Aim of the exercise: In the data that follows, count each line with the string "section"; the reply is the number only.

Data for this exercise:
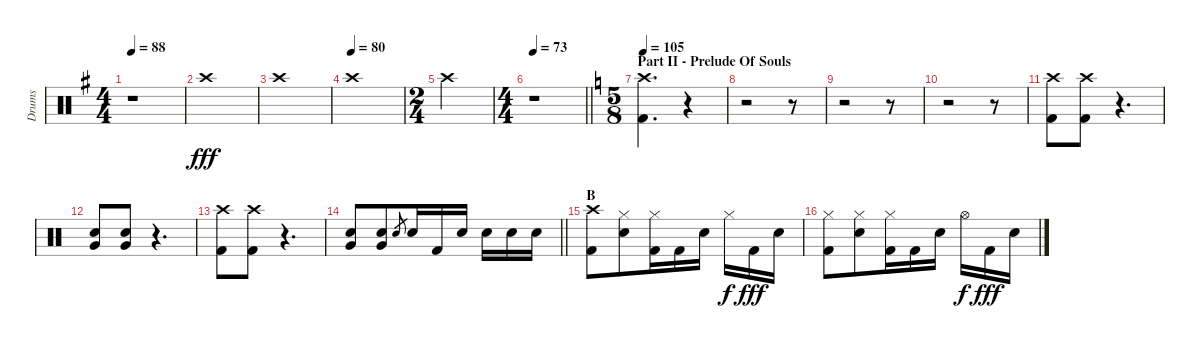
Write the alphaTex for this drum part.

\track ("Drums" "Drums") {instrument percussion}
\staff {score}
\articulation defaults
\ts (4 4)
\tempo 88
\clef neutral
\ks g
r.1{dy fff} |
"Crash high (hit)".1 |
"Crash high (hit)".1 |
\tempo (80)
"Crash high (hit)".1 |
\ts (2 4)
"Crash high (hit)".2 |
\ts (4 4)
\tempo 73
\barLineRight lightlight
r.1 |
\ts (5 8)
\section ("" "Part II - Prelude Of Souls")
\tempo 105
\ks aminor
("Crash high (hit)" "Kick (hit) 2").4{d} r.4 |
r.2 r.8 |
r.2 r.8 |
r.2 r.8 |
("Crash high (hit)" "Kick (hit) 2").8{beam merge} ("Crash high (hit)" "Kick (hit) 2").8 r.4{d} |
("Very Low Tom (hit)" "Snare (hit) 2").8{beam merge} ("Very Low Tom (hit)" "Snare (hit) 2").8 r.4{d} |
("Crash high (hit)" "Kick (hit) 2").8{beam merge} ("Crash high (hit)" "Kick (hit) 2").8 r.4{d} |
\barLineRight lightlight
("Very Low Tom (hit)" "Snare (hit) 2").8{beam merge} ("Very Low Tom (hit)" "Snare (hit) 2").8 "Snare (hit) 2".8{gr} "Snare (hit) 2".16 "Kick (hit) 2".16{beam merge} "Snare (hit) 2".16{beam split} "Snare (hit) 2".16{beam merge} "Snare (hit) 2".16 "Snare (hit) 2".16 |
\section ("" "B")
("Crash high (hit)" "Kick (hit) 2").8{beam merge} ("Hi-Hat (closed)" "Snare (hit) 2").8 ("Hi-Hat (closed)" "Kick (hit) 2").16 "Kick (hit) 2".16{beam merge} "Snare (hit) 2".16{beam split} "Hi-Hat (closed)".16{dy f beam merge} "Kick (hit) 2".16{dy fff} "Snare (hit) 2".16 |
("Hi-Hat (closed)" "Kick (hit) 2").8{beam merge} ("Hi-Hat (closed)" "Snare (hit) 2").8 ("Hi-Hat (closed)" "Kick (hit) 2").16 "Kick (hit) 2".16{beam merge} "Snare (hit) 2".16{beam split} "Hi-Hat (open)".16{dy f beam merge} "Kick (hit) 2".16{dy fff} "Snare (hit) 2".16

Solution for this exercise: 2